Social Sciences General Education
UC Clermont College, as part of the University of Cincinnati, requires that all students in associate and bachelor's degree programs take General Education courses. Requirements vary by degree. The Social Sciences department offers General Education in the following disciplines:
Communication is the purposeful activity of information exchange between two or more participants in order to convey or receive the intended meanings through a shared system of signs and semiotic rules.
Communication takes place inside and between three main subject categories: human beings, living organisms in general and communication-enabled devices. Communication in living organisms often occurs through visual, auditory or biochemical means. Human communication is unique for its extensive use of language.
At UC Clermont, students learn how to effectively use language to relay messages to one another in the form of vocal and visual communication.
The British statesman Winston Churchill, who also authored a number of well-regarded history books, once wrote: "The farther back you can look, the farther forward you are likely to see." Churchill's comment demonstrates an important motive for the study of the past: if you want to understand who we are today, we must investigate where we (individually and collectively) come from.
As students of history our job is to study the past not only to learn factual information, but for ethical lessons that history teaches us, and that can be applied to our contemporary world.
UC Clermont's history faculty offer survey courses in a wide range of areas — American, world, European and African history — as well as specialized classes in subjects as diverse as the era of the World Wars to the U.S. Civil Rights Movement. Students will learn from faculty who have published on a wide variety of subjects, among them books on the African American experience in the Vietnam War, the history of Eritrea and Ethiopia, science fiction as an historical source and Cincinnati in World War II.
History classes at UC Clermont introduce students to the wide array of sources and debates that characterize the process of historical investigation, and that teach the critical skills necessary to excel in a liberal arts major.

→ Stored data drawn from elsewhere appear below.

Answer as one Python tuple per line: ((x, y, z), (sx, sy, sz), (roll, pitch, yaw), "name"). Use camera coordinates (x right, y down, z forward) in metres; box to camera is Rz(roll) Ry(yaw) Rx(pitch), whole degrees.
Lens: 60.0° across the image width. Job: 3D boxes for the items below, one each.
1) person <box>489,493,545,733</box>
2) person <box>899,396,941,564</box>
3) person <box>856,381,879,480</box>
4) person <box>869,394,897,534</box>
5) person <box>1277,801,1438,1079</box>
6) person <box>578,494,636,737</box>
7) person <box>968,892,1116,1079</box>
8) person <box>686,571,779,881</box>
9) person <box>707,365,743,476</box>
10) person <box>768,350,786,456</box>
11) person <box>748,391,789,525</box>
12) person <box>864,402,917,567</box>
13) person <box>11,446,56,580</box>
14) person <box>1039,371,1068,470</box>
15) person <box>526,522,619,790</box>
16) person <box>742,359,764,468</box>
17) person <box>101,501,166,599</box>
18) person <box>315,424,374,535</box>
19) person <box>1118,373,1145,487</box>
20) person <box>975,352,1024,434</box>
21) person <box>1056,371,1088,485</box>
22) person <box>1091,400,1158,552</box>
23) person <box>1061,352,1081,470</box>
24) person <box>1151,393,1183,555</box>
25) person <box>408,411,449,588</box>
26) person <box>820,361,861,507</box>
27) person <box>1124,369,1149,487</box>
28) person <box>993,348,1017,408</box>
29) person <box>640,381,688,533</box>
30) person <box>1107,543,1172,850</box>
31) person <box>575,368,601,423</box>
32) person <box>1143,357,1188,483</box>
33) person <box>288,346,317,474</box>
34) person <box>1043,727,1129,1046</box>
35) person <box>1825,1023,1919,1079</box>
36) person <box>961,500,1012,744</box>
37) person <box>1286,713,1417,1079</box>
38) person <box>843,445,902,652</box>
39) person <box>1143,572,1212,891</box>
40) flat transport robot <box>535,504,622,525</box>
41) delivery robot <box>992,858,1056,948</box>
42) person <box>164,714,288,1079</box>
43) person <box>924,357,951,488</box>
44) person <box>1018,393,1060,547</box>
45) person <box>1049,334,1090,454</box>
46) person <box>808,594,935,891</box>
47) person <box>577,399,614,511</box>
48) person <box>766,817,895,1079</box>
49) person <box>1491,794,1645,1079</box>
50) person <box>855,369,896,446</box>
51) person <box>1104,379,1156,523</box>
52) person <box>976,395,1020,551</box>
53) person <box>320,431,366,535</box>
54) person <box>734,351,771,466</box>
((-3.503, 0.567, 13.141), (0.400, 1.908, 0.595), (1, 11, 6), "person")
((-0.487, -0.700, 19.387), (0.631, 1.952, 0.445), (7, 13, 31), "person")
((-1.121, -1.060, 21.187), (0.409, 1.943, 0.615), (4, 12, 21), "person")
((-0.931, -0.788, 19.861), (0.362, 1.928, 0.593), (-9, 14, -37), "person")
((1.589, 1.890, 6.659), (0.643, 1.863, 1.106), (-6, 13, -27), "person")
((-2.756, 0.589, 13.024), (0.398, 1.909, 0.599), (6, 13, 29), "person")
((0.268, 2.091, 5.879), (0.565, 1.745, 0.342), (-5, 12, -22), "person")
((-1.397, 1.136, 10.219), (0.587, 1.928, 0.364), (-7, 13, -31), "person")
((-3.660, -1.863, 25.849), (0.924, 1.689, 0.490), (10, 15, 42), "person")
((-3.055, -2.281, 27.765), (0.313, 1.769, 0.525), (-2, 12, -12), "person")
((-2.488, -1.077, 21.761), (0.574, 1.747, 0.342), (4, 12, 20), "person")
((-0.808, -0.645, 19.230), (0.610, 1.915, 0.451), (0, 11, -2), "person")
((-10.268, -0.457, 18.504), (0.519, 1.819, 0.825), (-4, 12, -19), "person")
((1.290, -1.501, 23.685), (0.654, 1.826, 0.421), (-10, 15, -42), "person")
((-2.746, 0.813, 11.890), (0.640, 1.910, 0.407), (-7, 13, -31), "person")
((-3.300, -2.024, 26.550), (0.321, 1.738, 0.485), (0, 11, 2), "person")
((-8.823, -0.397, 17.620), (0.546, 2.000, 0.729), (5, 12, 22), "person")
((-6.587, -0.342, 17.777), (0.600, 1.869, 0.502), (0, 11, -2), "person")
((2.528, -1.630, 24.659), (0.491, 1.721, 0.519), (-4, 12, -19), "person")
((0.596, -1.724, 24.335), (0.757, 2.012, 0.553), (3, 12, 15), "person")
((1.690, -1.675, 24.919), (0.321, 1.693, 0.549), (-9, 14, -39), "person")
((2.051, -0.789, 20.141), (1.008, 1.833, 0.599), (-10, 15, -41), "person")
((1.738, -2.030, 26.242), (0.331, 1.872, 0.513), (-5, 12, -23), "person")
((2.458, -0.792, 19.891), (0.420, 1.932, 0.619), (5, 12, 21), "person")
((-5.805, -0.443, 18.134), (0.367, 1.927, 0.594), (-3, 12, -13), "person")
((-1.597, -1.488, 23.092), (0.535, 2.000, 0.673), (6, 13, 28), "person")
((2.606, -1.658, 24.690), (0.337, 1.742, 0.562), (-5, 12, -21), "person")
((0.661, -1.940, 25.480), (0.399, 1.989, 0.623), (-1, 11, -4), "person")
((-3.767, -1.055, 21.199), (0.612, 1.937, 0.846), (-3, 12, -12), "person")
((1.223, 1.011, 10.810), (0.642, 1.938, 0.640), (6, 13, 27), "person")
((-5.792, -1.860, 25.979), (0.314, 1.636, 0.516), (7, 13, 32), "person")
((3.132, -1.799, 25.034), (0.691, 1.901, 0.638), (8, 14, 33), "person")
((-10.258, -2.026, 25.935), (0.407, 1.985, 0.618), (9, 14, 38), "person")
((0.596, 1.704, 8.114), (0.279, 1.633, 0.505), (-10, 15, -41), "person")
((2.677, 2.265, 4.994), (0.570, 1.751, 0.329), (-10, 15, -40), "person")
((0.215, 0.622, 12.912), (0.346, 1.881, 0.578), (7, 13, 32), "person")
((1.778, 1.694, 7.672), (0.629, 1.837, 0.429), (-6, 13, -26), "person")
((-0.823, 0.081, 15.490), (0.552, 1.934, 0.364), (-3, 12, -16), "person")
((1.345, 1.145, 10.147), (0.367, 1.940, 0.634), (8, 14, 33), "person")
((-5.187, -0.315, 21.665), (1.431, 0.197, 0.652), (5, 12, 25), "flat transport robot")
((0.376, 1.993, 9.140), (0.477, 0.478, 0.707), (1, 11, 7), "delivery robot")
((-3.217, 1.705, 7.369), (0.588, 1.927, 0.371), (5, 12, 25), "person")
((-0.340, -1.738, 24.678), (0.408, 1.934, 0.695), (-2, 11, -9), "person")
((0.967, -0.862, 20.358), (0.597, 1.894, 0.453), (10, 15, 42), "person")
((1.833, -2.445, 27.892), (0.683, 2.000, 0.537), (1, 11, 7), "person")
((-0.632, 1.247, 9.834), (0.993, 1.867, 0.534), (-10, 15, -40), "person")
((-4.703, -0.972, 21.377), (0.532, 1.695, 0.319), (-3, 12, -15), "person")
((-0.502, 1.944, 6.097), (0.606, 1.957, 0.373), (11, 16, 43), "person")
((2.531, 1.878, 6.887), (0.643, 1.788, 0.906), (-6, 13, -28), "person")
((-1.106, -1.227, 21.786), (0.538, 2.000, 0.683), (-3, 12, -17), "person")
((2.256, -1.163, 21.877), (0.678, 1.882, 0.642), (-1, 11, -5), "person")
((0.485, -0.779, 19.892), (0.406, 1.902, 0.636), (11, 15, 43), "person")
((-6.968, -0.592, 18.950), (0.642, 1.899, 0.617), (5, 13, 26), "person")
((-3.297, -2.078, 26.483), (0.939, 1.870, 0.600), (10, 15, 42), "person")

Philosophy looks at the world and asks big questions. Does life have meaning? What sources of knowledge can we trust? How should we live our lives? How should we organize our society? Philosophy is the mother of all academic disciplines. Throughout history, when questioning starts leading to specific answers, that questioning becomes its own discipline — mathematics, theology, biology, rhetoric, political science, psychology, all began as philosophy. Philosophy is left with the tough questions. In fact, philosophy is the only subject where students may well be left with more questions than answers. And that's the way philosophers like it. When someone thinks they already have all the answers, learning is impossible.
In philosophy, students learn to think critically; to understand, critique and create arguments about all aspects of life. Students not only learn what great thinkers have come up with throughout history, but have a chance to add their own voices. Students learn high-level reading and critical writing skills in the process. There are few times in life when people have the opportunity to ask big life questions in a systematic way in an atmosphere that honors and encourages exploration. Be a part of the journey with the great thinkers of history and the great minds of today. You just might become one of them.
Philosophy, with its emphasis on critical thinking and the history of great ideas, is excellent preparation for many fields. A major in philosophy is good groundwork for Law School, Theology and, of course, as preparation for graduate work in Philosophy. Since philosophy focuses on understanding various viewpoints, a Philosophy Minor or general coursework in philosophy is good training for the business environment, conflict-resolution careers and many of the helping professions such as nursing and social work. The business world in general cites a lack of critical thinking and communication skills as deficiencies in today's college graduates. Philosophy addresses both of these skills specifically. Beyond the pragmatic value of philosophy, engaging the great ideas of history can simply make your own life more fulfilling, interesting and enjoyable. As Socrates said, "the unexamined life is not worth living."
Psychology is the study of mind and behavior. It is an academic discipline and an applied science which seeks to understand individuals and groups by establishing general principles and researching specific cases.
This class is part of the Social Sciences General Education requirement.
UC Clermont offers a variety of Sociology courses. These can be taken either to fulfill Social Science course electives or requirements in other programs, or to prepare for transfer to another program in which the student will major or minor in Sociology or a related field. Sociology is the scientific study of society and social groups. Sociology courses aid in developing strong analytical skills by exploring the social causes and consequences of human behavior, using theory and data. Our courses involve the study of the culture and structure of societies and groups and the way social change occurs within them. Courses offered include Introduction to Sociology, Introduction to Social Inequality, Contemporary Social Problems, Sociology of the Family, The Global Community: Cultural Diversity and Interaction, The Sociology of Race and Deviance.
Sociology can prepare students for a variety of future career opportunities. Sociology courses taken as part of another program develop skills in critical thinking, analysis and communication that are highly valued by employers in general. Students can pursue a Pre-Liberal Arts degree here at UC Clermont, taking freshman and sophomore Sociology courses, and be well prepared to transfer to a baccalaureate program, such as UC's Uptown campus BA program in Sociology.